JUDAS & OUR HEARTS

The ethics of the kingdom of men holds no place in the kingdom of God.

4/2/20243 min read

The theologian, Dr Joel Muddamalle recently wrote about the week that led up to the crucifixion. His focus though on this dark week wasn’t a triumphal entry nor was it a stone rolled away from a tomb but it was focused on deceit, the deceptive heart of man. And his focus was on Judas Iscariot.

Muddamalle wrote of a human heart compromised. Judas who was near Christ had a heart that was far, far from Him. He writes, Judas “spent his time with Jesus with the belief that Jesus would usher in a Davidic kingdom. Jesus would overthrow the Romans and finally set the people of God free.

However, Jesus wasn’t concerned with modeling the ethics of the kingdoms of the world because He was ushering in the Kingdom of God. The Kingdom of God is paradoxical to the way of the world. In God’s Kingdom, kindness, generosity, love, patience and sacrifice are valued. In the world’s eyes these things are often simply a hindrance.” He goes on, “for Judas, the compassion and charity of Jesus began to compromise his heart and affection for Christ.

Judas began to see that his ambition and view of how things should go was drastically different from what Jesus was teaching and doing.”
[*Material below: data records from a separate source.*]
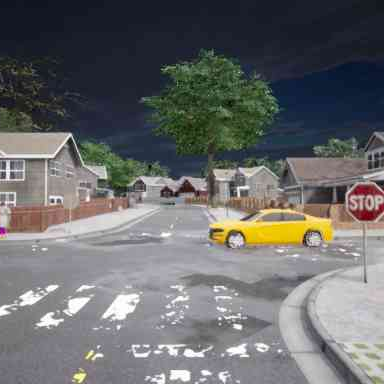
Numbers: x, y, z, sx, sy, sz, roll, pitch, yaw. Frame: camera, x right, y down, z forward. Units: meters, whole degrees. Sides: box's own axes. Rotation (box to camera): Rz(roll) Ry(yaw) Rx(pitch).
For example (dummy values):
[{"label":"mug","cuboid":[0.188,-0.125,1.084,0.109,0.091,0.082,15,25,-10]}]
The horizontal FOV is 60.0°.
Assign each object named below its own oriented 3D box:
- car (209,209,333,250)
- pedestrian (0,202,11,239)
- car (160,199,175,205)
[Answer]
[{"label":"car","cuboid":[3.190,1.457,13.701,5.008,1.535,1.882,0,-2,-5]},{"label":"pedestrian","cuboid":[-9.658,1.413,17.039,0.375,1.860,0.375,0,-1,1]},{"label":"car","cuboid":[-5.118,2.054,68.909,1.994,1.385,4.181,1,-1,-27]}]
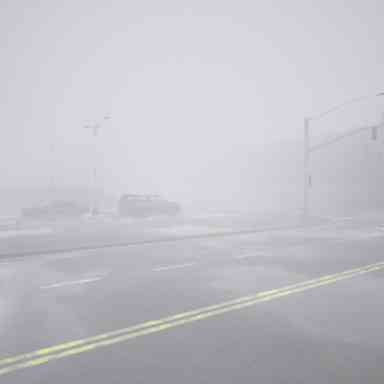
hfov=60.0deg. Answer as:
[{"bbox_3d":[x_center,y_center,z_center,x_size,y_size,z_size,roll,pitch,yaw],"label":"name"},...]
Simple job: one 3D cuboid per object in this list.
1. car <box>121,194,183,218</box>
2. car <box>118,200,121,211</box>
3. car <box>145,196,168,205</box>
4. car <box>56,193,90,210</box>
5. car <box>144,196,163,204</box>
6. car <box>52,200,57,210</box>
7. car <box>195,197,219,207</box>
[{"bbox_3d":[-3.102,1.129,27.513,4.605,1.855,1.932,0,0,-35],"label":"car"},{"bbox_3d":[-4.730,1.132,29.906,3.866,1.878,1.905,0,0,-35],"label":"car"},{"bbox_3d":[-6.241,1.455,57.707,1.837,1.490,4.892,0,0,-33],"label":"car"},{"bbox_3d":[-16.101,1.133,45.900,3.866,1.878,1.905,0,0,-35],"label":"car"},{"bbox_3d":[-7.697,1.502,66.282,1.837,1.490,4.892,0,0,-34],"label":"car"},{"bbox_3d":[-17.765,1.372,48.269,3.806,1.475,1.970,0,0,-35],"label":"car"},{"bbox_3d":[2.294,1.506,51.213,1.994,1.385,4.181,0,0,-34],"label":"car"}]
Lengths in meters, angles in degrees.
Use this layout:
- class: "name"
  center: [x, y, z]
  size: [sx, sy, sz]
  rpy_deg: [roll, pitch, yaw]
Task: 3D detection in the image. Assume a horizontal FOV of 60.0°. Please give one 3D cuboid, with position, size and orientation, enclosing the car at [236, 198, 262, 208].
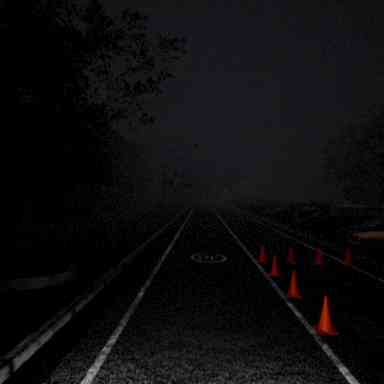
- class: "car"
  center: [11.026, 2.186, 64.498]
  size: [4.553, 1.767, 2.185]
  rpy_deg: [2, 0, 2]

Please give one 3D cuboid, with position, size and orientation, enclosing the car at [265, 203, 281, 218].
- class: "car"
  center: [10.200, 2.197, 33.670]
  size: [4.674, 1.452, 2.002]
  rpy_deg: [2, 0, 2]

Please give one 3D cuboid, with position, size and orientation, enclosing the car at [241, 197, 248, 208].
- class: "car"
  center: [10.779, 2.136, 53.288]
  size: [4.553, 1.767, 2.185]
  rpy_deg: [2, 0, 2]

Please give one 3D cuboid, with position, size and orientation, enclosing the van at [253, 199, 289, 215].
- class: "van"
  center: [10.636, 2.000, 44.879]
  size: [4.442, 1.987, 1.878]
  rpy_deg: [2, 0, 2]

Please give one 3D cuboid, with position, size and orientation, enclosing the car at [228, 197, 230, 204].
- class: "car"
  center: [11.358, 2.364, 75.706]
  size: [5.008, 1.535, 2.097]
  rpy_deg: [2, 0, 2]

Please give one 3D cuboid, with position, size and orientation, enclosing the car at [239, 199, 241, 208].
- class: "car"
  center: [10.818, 2.314, 56.090]
  size: [4.674, 1.452, 2.002]
  rpy_deg: [2, 0, 2]

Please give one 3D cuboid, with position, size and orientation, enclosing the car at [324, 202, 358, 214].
- class: "car"
  center: [23.861, 2.523, 53.380]
  size: [4.553, 1.767, 2.185]
  rpy_deg: [2, 0, 2]

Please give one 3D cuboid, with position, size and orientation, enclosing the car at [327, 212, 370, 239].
- class: "car"
  center: [9.744, 2.010, 16.851]
  size: [4.674, 1.452, 2.002]
  rpy_deg: [2, -1, 2]

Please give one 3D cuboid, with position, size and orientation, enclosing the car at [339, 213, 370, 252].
- class: "car"
  center: [9.481, 1.927, 14.054]
  size: [5.366, 1.575, 1.946]
  rpy_deg: [2, -1, 2]

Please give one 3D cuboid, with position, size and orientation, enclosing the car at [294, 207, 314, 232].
- class: "car"
  center: [9.891, 2.040, 22.455]
  size: [5.008, 1.535, 2.097]
  rpy_deg: [2, -1, 2]

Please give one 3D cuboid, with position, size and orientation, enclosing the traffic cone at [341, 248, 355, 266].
- class: "traffic cone"
  center: [5.467, 2.252, 11.651]
  size: [0.340, 0.580, 0.340]
  rpy_deg: [2, -1, 2]

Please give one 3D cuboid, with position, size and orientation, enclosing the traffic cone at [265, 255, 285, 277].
- class: "traffic cone"
  center: [2.417, 2.140, 9.738]
  size: [0.340, 0.580, 0.340]
  rpy_deg: [2, -1, 2]

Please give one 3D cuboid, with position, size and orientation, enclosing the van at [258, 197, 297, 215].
- class: "van"
  center: [10.481, 1.974, 39.277]
  size: [4.442, 1.987, 1.878]
  rpy_deg: [2, 0, 2]

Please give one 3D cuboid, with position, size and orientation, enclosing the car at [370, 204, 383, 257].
- class: "car"
  center: [9.568, 1.649, 11.251]
  size: [5.566, 2.045, 2.435]
  rpy_deg: [2, -1, 2]

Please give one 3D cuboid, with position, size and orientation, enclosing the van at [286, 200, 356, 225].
- class: "van"
  center: [9.863, 1.845, 25.267]
  size: [4.442, 1.987, 1.878]
  rpy_deg: [2, -1, 2]

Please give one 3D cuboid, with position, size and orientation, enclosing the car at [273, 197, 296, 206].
- class: "car"
  center: [24.803, 2.562, 89.580]
  size: [5.566, 2.045, 2.435]
  rpy_deg: [2, 0, 2]

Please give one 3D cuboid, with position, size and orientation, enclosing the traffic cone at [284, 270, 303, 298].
- class: "traffic cone"
  center: [2.360, 2.116, 7.739]
  size: [0.340, 0.580, 0.340]
  rpy_deg: [2, -1, 2]

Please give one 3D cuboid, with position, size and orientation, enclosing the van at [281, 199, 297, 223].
- class: "van"
  center: [10.173, 1.882, 28.061]
  size: [4.442, 1.987, 1.878]
  rpy_deg: [2, -1, 2]

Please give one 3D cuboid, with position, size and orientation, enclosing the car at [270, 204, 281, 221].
- class: "car"
  center: [10.155, 2.164, 30.862]
  size: [4.792, 1.488, 2.163]
  rpy_deg: [2, -1, 2]

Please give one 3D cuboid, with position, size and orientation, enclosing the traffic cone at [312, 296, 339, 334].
- class: "traffic cone"
  center: [2.303, 2.091, 5.740]
  size: [0.340, 0.580, 0.340]
  rpy_deg: [2, -1, 2]

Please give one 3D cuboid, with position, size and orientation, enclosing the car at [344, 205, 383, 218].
- class: "car"
  center: [23.782, 2.611, 45.049]
  size: [5.366, 1.575, 1.946]
  rpy_deg: [2, 0, 2]

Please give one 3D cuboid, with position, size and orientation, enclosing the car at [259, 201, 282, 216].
- class: "car"
  center: [10.287, 2.178, 36.472]
  size: [4.892, 1.521, 2.231]
  rpy_deg: [2, 0, 2]

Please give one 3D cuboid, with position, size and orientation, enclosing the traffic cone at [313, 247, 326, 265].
- class: "traffic cone"
  center: [4.470, 2.223, 11.680]
  size: [0.340, 0.580, 0.340]
  rpy_deg: [2, -1, 2]

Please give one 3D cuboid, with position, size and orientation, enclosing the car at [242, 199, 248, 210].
- class: "car"
  center: [10.661, 2.249, 50.487]
  size: [4.892, 1.521, 2.231]
  rpy_deg: [2, 0, 2]

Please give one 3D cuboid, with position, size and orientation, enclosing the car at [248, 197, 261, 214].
- class: "car"
  center: [10.415, 1.957, 42.080]
  size: [5.566, 2.045, 2.435]
  rpy_deg: [2, 0, 2]

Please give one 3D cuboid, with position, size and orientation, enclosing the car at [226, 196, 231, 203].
- class: "car"
  center: [11.488, 2.419, 81.311]
  size: [4.792, 1.488, 2.163]
  rpy_deg: [2, 0, 2]

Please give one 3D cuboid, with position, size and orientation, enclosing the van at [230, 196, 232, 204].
- class: "van"
  center: [11.176, 2.122, 72.908]
  size: [4.442, 1.987, 1.878]
  rpy_deg: [2, 0, 2]

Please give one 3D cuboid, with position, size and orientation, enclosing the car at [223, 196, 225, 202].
- class: "car"
  center: [11.935, 2.431, 89.712]
  size: [5.366, 1.575, 1.946]
  rpy_deg: [2, 0, 2]

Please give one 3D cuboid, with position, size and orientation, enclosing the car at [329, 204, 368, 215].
- class: "car"
  center: [23.720, 2.663, 50.605]
  size: [4.792, 1.488, 2.163]
  rpy_deg: [2, 0, 2]

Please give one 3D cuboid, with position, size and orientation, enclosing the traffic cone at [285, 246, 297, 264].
- class: "traffic cone"
  center: [3.473, 2.193, 11.708]
  size: [0.340, 0.580, 0.340]
  rpy_deg: [2, -1, 2]

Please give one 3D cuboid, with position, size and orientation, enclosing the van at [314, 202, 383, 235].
- class: "van"
  center: [9.943, 1.783, 19.652]
  size: [4.442, 1.987, 1.878]
  rpy_deg: [2, -1, 2]

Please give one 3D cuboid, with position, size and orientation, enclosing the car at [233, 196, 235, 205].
- class: "car"
  center: [10.956, 2.048, 61.697]
  size: [5.566, 2.045, 2.435]
  rpy_deg: [2, 0, 2]

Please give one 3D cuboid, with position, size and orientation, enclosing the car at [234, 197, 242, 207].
- class: "car"
  center: [10.878, 2.035, 58.895]
  size: [5.566, 2.045, 2.435]
  rpy_deg: [2, 0, 2]

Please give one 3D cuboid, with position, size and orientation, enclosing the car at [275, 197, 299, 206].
- class: "car"
  center: [24.731, 2.550, 86.919]
  size: [5.566, 2.045, 2.435]
  rpy_deg: [2, 0, 2]

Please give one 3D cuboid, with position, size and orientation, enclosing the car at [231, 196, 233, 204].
- class: "car"
  center: [11.243, 2.214, 70.101]
  size: [4.553, 1.767, 2.185]
  rpy_deg: [2, 0, 2]

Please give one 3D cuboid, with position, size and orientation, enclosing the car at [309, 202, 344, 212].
- class: "car"
  center: [23.794, 2.664, 58.933]
  size: [5.366, 1.575, 1.946]
  rpy_deg: [2, 0, 2]

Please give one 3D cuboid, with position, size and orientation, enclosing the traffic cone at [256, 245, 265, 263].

And therein lies the rub. Judas became blind to this. He was set on what he believed Jesus should be doing and he wanted Jesus to give it to him his way. And only his way. The way of a man is fickle and inconsistent and prone to abuse and greed.

The Jews believed that their Messiah would come in power and might. Carrying a banner with raised sword to destroy Roman rule. And this freedom would be achieved by the means of force and bloodshed.

But that is not what Christ was about. He wasn’t about earthly power, of violence or rhetoric. He wasn’t about exclusion of all except His own people. He came for the human heart. Every human heart, regardless of tribe, politics or creed. This is what it was always about.

We want the Kingdom on our own merits and believe God will hand it over to us on a golden, winner’s platter. We talk of ideological power and we look on other people with differing views as our enemies while talking of the love of God. Our kingdom is not a nationalist kingdom and we are not the saviors of the planet. Our identities should be solely in Christ and He alone. We should never allow our national identity to shape our faith identity but it should be the opposite. Because this land is not our promised land and we are sojourners here looking forward to a shining kingdom, bright and true. That Kingdom will be one unified Kingdom of varied nations and peoples of all tongues. Reflecting on the reality of deceptive hearts and selfish ambition we would be wise to consider that any one of us could fall within Judas’s trap.

Muddamalle writes that what we really want is for Jesus to be our genie in a bottle, serving our every whim and desire. Validating our rights. We want Him to justify what we want and desire but Jesus isn’t a genie and we aren’t Aladdin. He is King and He is beyond our thoughts and ways and we are living in His Kingdom, it is not the other way around.

This calls upon us to have a rightly focused identity, solely in Him with no variance to the left or right or hold any idol, human or otherwise within His place. It is His alone.

Remember who you are. Remember who has called you. Your only true allegiance is to Him and Him alone.